SEVERANCE AND TRANSITION SERVICES AGREEMENT
SEVERANCE AND TRANSITION SERVICES AGREEMENT
This Severance and Transition Services Agreement (“Agreement”), dated October 30, 2025, is being entered into by Workiva Inc. (“Company”) and ▇▇▇▇ ▇▇▇▇▇▇ (“Executive”) (together, “Parties”).
WHEREAS, the Parties entered into an Employment Agreement dated February 19, 2024 (the “Employment Agreement”);
WHEREAS, the Company has adopted and maintains the Workiva Inc. 2014 Equity Incentive Plan (As Amended and Restated Effective May 30, 2024) (the “Plan”);
WHEREAS, the Compensation Committee of the Company (“the Committee”) granted Executive:
(i) 30,930 service-based vesting restricted stock units on February 1, 2023, 10,310 of which remain unvested;
(ii) 30,966 service-based vesting restricted stock units on February 1, 2024, 20,664 of which remain unvested;
(iii) 32,018 service-based vesting restricted stock units on February 3, 2025, 32,018 of which remain unvested;
(iv) 13,256 performance-based vesting restricted stock units on February 1, 2023, 4,419 of which remain unvested;
(v) 13,284 performance-based vesting restricted stock units on February 1, 2024, 8,856 of which remain unvested; and
(vi) 13,722 performance-based vesting restricted stock units, 13,722 of which remain unvested (collectively, “Equity Awards”);
WHEREAS, pursuant to Sections 9(c)(1) and 9(c)(2) of the Plan, the Committee may accelerate the vesting of restricted stock units granted under the Plan;
WHEREAS, Company now wishes to terminate Executive’s employment without Cause (as defined in the Employment Agreement), effective no later than December 26, 2025;
WHEREAS, Executive is entitled to certain payments and benefits under the Employment Agreement in exchange for a general release of claims; and
WHEREAS, the Parties wish to provide for an orderly transition of Executive’s duties and responsibilities between now and her last day of employment, and resolve all matters related to Executive’s employment with and termination from Company in an amicable manner.
THEREFORE, in consideration of the mutual agreements and promises contained herein, the Parties agree as follows:
1.TERMINATION DATE.
1.1.Executive’s employment with Company will terminate effective December 26, 2025 or earlier as set forth below (the date on which her employment ends is the “Termination Date”). However, Executive will cede her Chief Financial Officer (“CFO”) title effective upon the hire of a new CFO, if earlier than the Termination Date. Should she cede her title prior to the Termination Date, she will no longer be considered a Section 16 Executive Officer. Notwithstanding this, should either party decide to terminate Executive’s employment prior to December 26, 2025, it may do so upon 10 days’ written notice. Should Company provide this notice of earlier termination, Executive will continue to receive salary and benefits through December 26, 2025. Should Executive provide this notice, her salary and benefits will end on the Termination Date.

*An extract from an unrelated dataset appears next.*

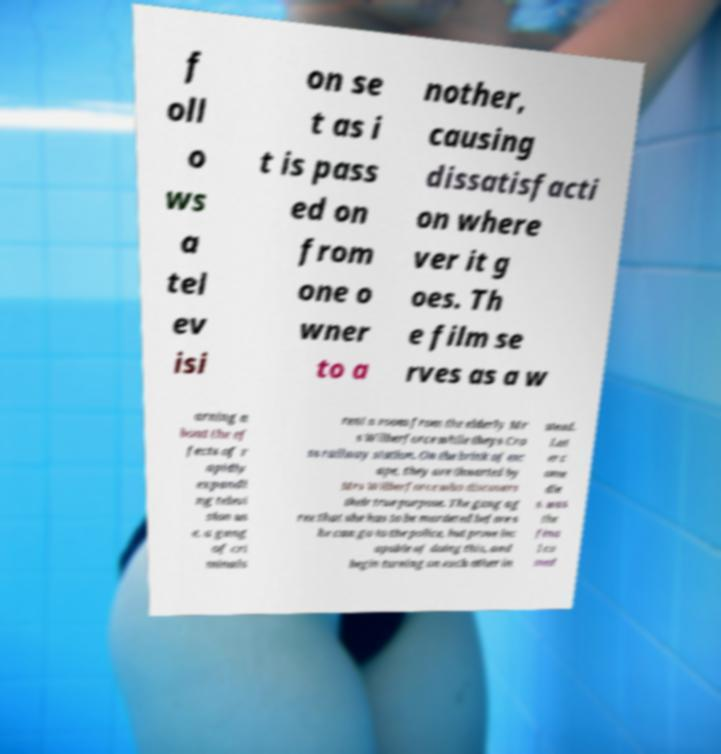What messages or text are displayed in this image? I need them in a readable, typed format. f oll o ws a tel ev isi on se t as i t is pass ed on from one o wner to a nother, causing dissatisfacti on where ver it g oes. Th e film se rves as a w arning a bout the ef fects of r apidly expandi ng televi sion us e. a gang of cri minals rent a room from the elderly Mr s Wilberforce while theys Cro ss railway station. On the brink of esc ape, they are thwarted by Mrs Wilberforce who discovers their true purpose. The gang ag ree that she has to be murdered before s he can go to the police, but prove inc apable of doing this, and begin turning on each other in stead. Lat er c ome die s. was the fina l co med 
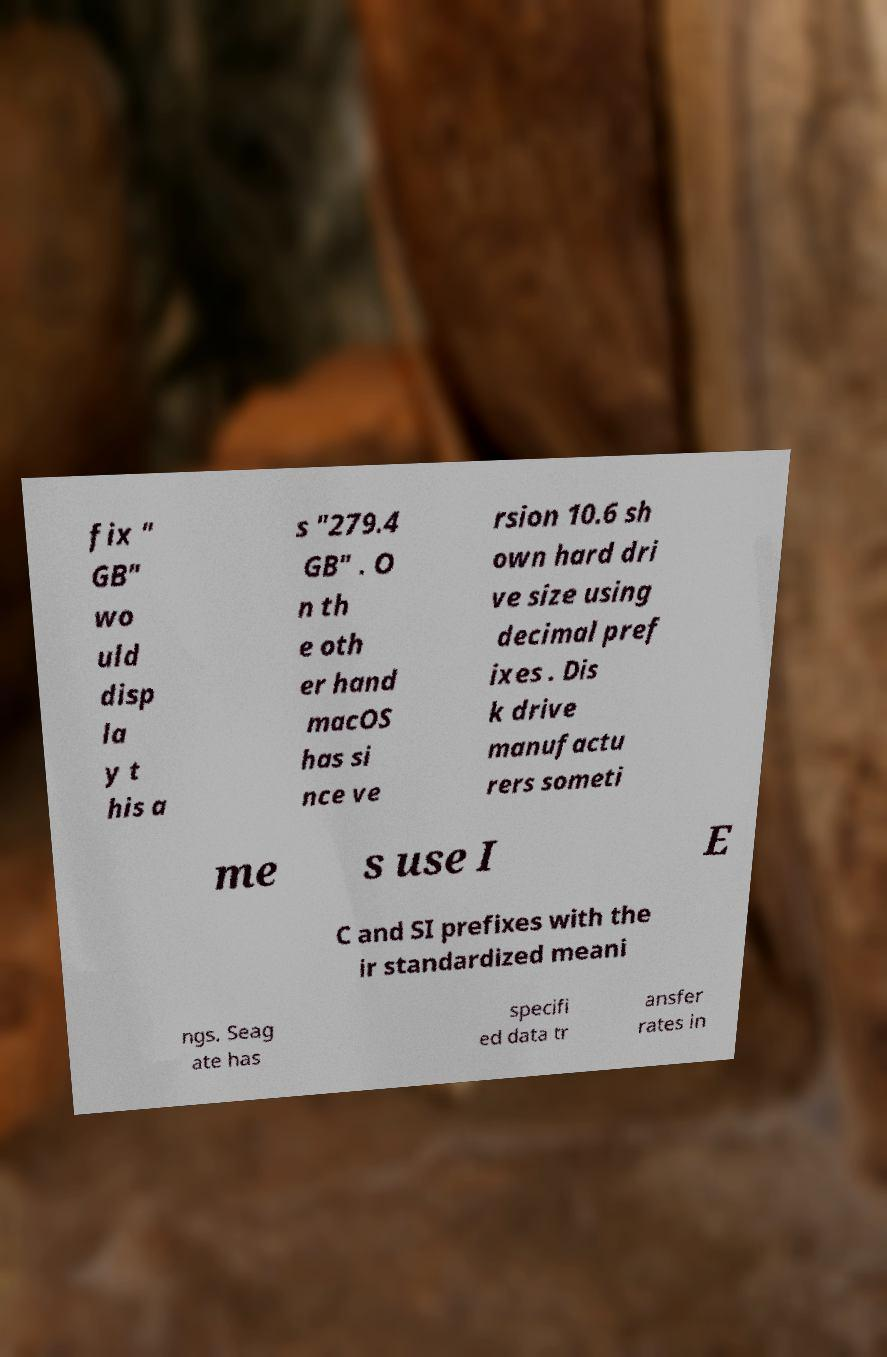Can you accurately transcribe the text from the provided image for me? fix " GB" wo uld disp la y t his a s "279.4 GB" . O n th e oth er hand macOS has si nce ve rsion 10.6 sh own hard dri ve size using decimal pref ixes . Dis k drive manufactu rers someti me s use I E C and SI prefixes with the ir standardized meani ngs. Seag ate has specifi ed data tr ansfer rates in

1.2.Between now and the earlier of the Termination Date or the date on which a new CFO is hired, Executive agrees to continue to serve as Company’s CFO and provide services consistent with the role, as well as other services as reasonably requested by Company. Further, Executive agrees to assist with the transitioning of her duties and responsibilities to a new CFO, if any, in good faith.
1.3.Notwithstanding anything to the contrary herein, Workiva maintains its right to terminate Executive for Cause, pursuant to 4.1 of the Employment Agreement, at any time between now and the Termination Date, should circumstances warrant, in which case this Agreement will be void in its entirety.
2.VALUABLE CONSIDERATION.
2.1.Company agrees to pay Executive the sum of $1,928,321.53 (“Separation Payment”). This sum is calculated as follows:
2x sum of base salary + target bonus, or 2 x ($430,000 + $322,500) = $1,505,000, plus
Prorated bonus, based on February 2025 bonus prorated through December 26, 2025, or $423,321.53.
2.2.The Separation Payment will be paid in a lump sum within 10 business days after the Termination Date and will be less required withholding.
2.3.Assuming Executive timely elects to continue her health insurance pursuant to COBRA, Company will pay the full premiums on her behalf for 18 months or until she is eligible for the benefits of another employer, whichever occurs first.
2.4.Workiva will also accelerate the vesting of all Equity Awards unvested as of the Termination Date, subject to Executive’s timely execution and non-revocation of this Agreement. Any delays in the settlement or payment of such awards that are set forth in the applicable award agreement or the Workiva Inc. Nonqualified Deferred Compensation Plan, or that are required under § 409A of the Internal Revenue Code, will remain in effect. For the avoidance of doubt, (i) Equity Awards which are
restricted stock units (other than performance stock units) will vest in full on the Termination Date, and (ii) Equity Awards which are performance stock units will vest at target performance.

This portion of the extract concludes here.